Her gynecologist later concurred. That little fact is always on my mind when I read debates about abortion and come across someone who believes they should be illegal with no exceptions. What would have probably happened if my mother had gotten pregnant again is that either she would have aborted or both she and that fetus would have died. The latter option doesn't sound particularly "pro-life" to me.

She told me more than once that if she had gotten in a "family way" then, she would not have hesitated to abort. The gamble that the doctors were wrong was not worth losing her life and leaving my father and me without her. As far as I know, it was never necessary. They were lucky…and also very careful. After my father died in '91, she asked me to clean out his drawer and not tell her about anything in there that I thought she wouldn't have wanted to know about. They had no secrets from each other but each had one small drawer in their bedroom which the other agreed to never open. I have not cleaned out hers yet though she told me once it held letters and photos of male friends who preceded my father. His had nothing I felt she'd care about but it did contain an awful lot of very old and unopened condoms.

Shortly after I posted the above here, I did get around to cleaning out my mother's "private" drawer. There were papers in there from and about a man to whom she was briefly married.

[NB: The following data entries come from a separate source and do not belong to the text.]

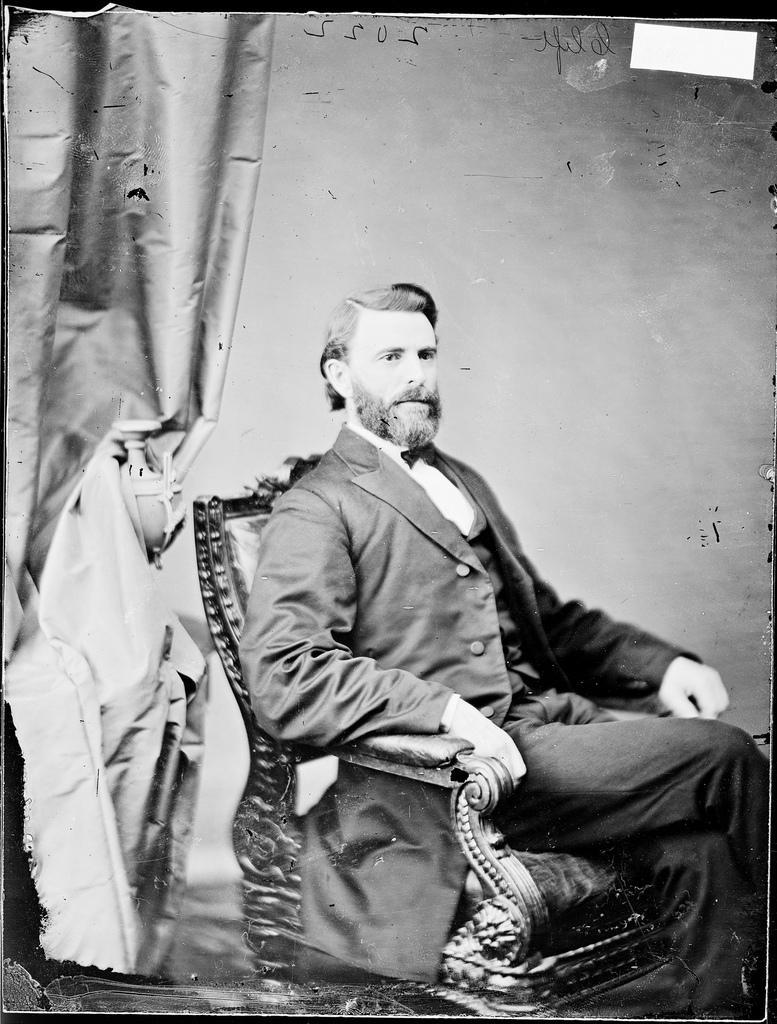In one or two sentences, can you explain what this image depicts? This image consists of a man sitting in a chair. He is wearing a suit in black color. In the background, there is a wall. On the left, there is a curtain. 
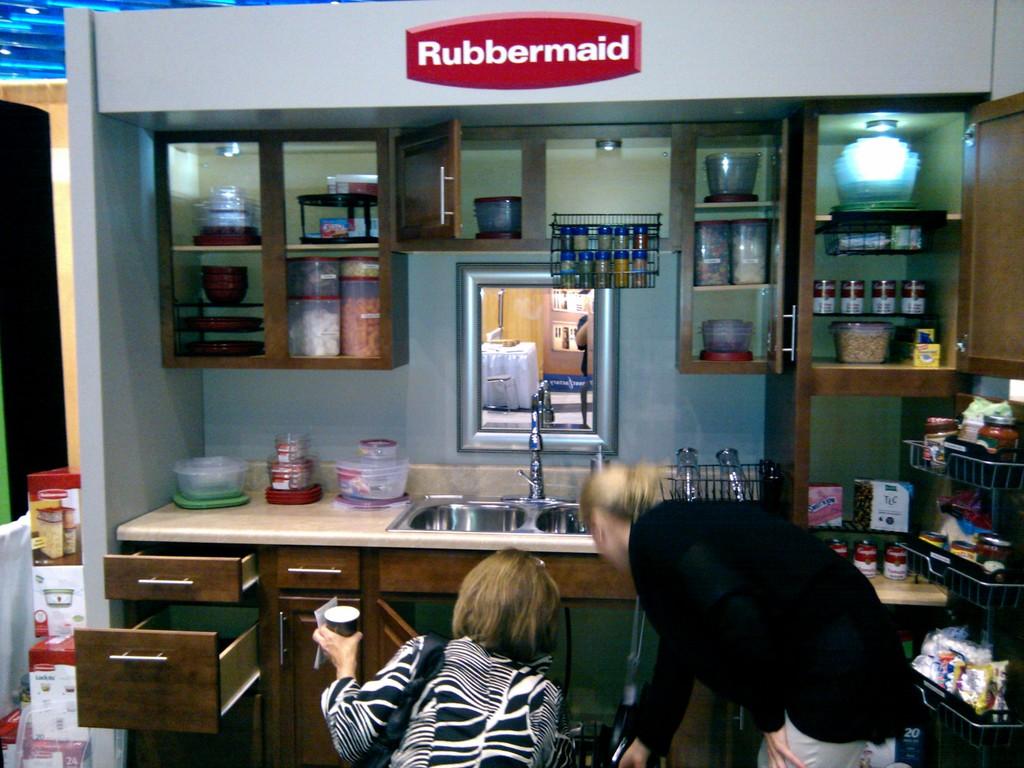What brand is this display for?
Ensure brevity in your answer.  Rubbermaid. 
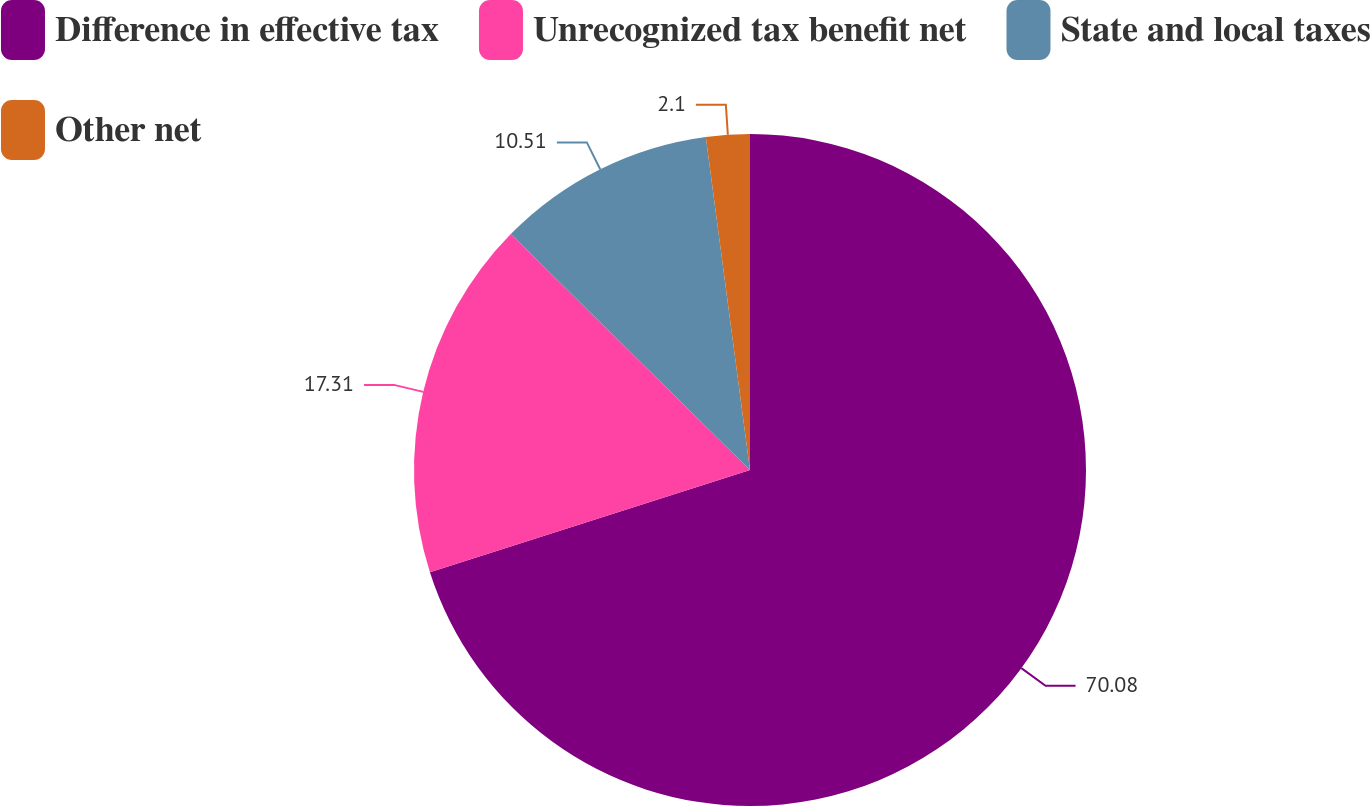<chart> <loc_0><loc_0><loc_500><loc_500><pie_chart><fcel>Difference in effective tax<fcel>Unrecognized tax benefit net<fcel>State and local taxes<fcel>Other net<nl><fcel>70.08%<fcel>17.31%<fcel>10.51%<fcel>2.1%<nl></chart> 
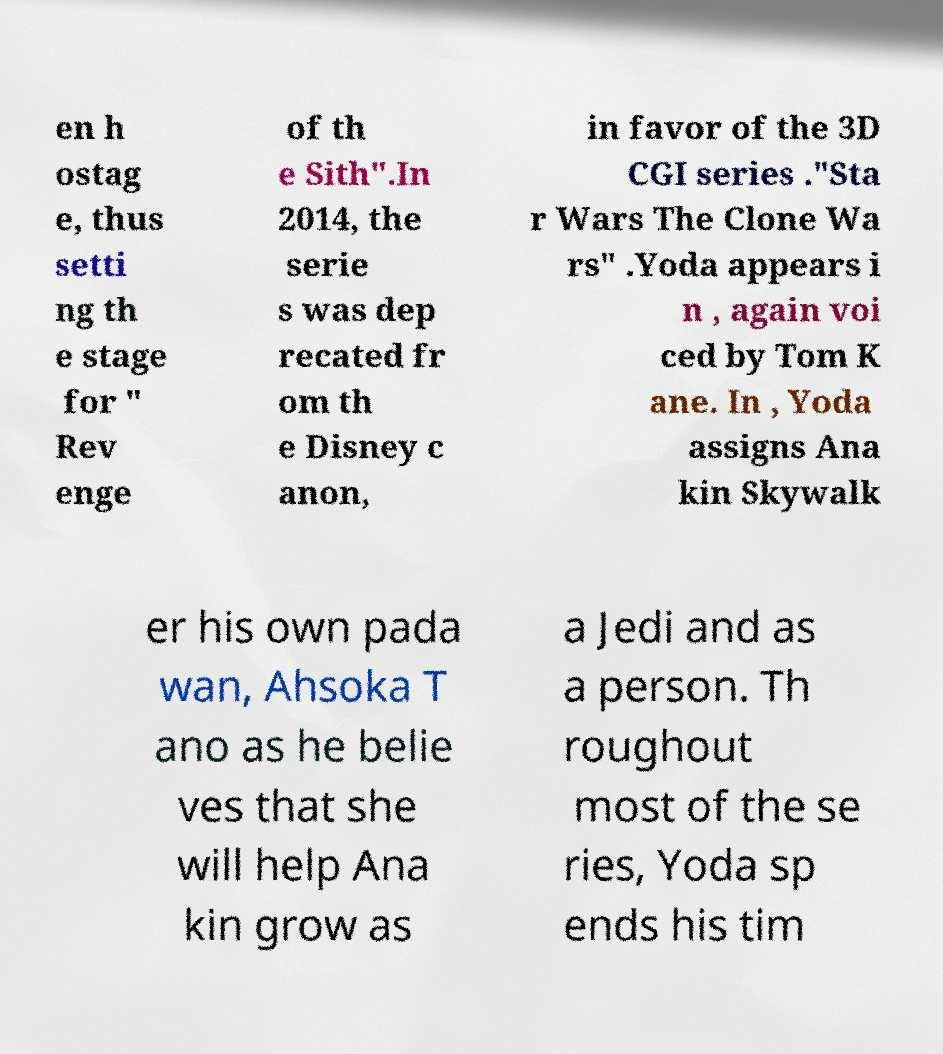Can you accurately transcribe the text from the provided image for me? en h ostag e, thus setti ng th e stage for " Rev enge of th e Sith".In 2014, the serie s was dep recated fr om th e Disney c anon, in favor of the 3D CGI series ."Sta r Wars The Clone Wa rs" .Yoda appears i n , again voi ced by Tom K ane. In , Yoda assigns Ana kin Skywalk er his own pada wan, Ahsoka T ano as he belie ves that she will help Ana kin grow as a Jedi and as a person. Th roughout most of the se ries, Yoda sp ends his tim

That marriage was quickly annulled and then she married my father and they were inseparable and wildly happy with each other for the rest of his life.

There were no photos of any male except me. There was also a very old Bible — so old its binding had gone brittle and it could no longer hold the pages in place. And there were some photos of her mother and a $500 bill. The $500 bill would have been exciting had it not been from a game of Monopoly.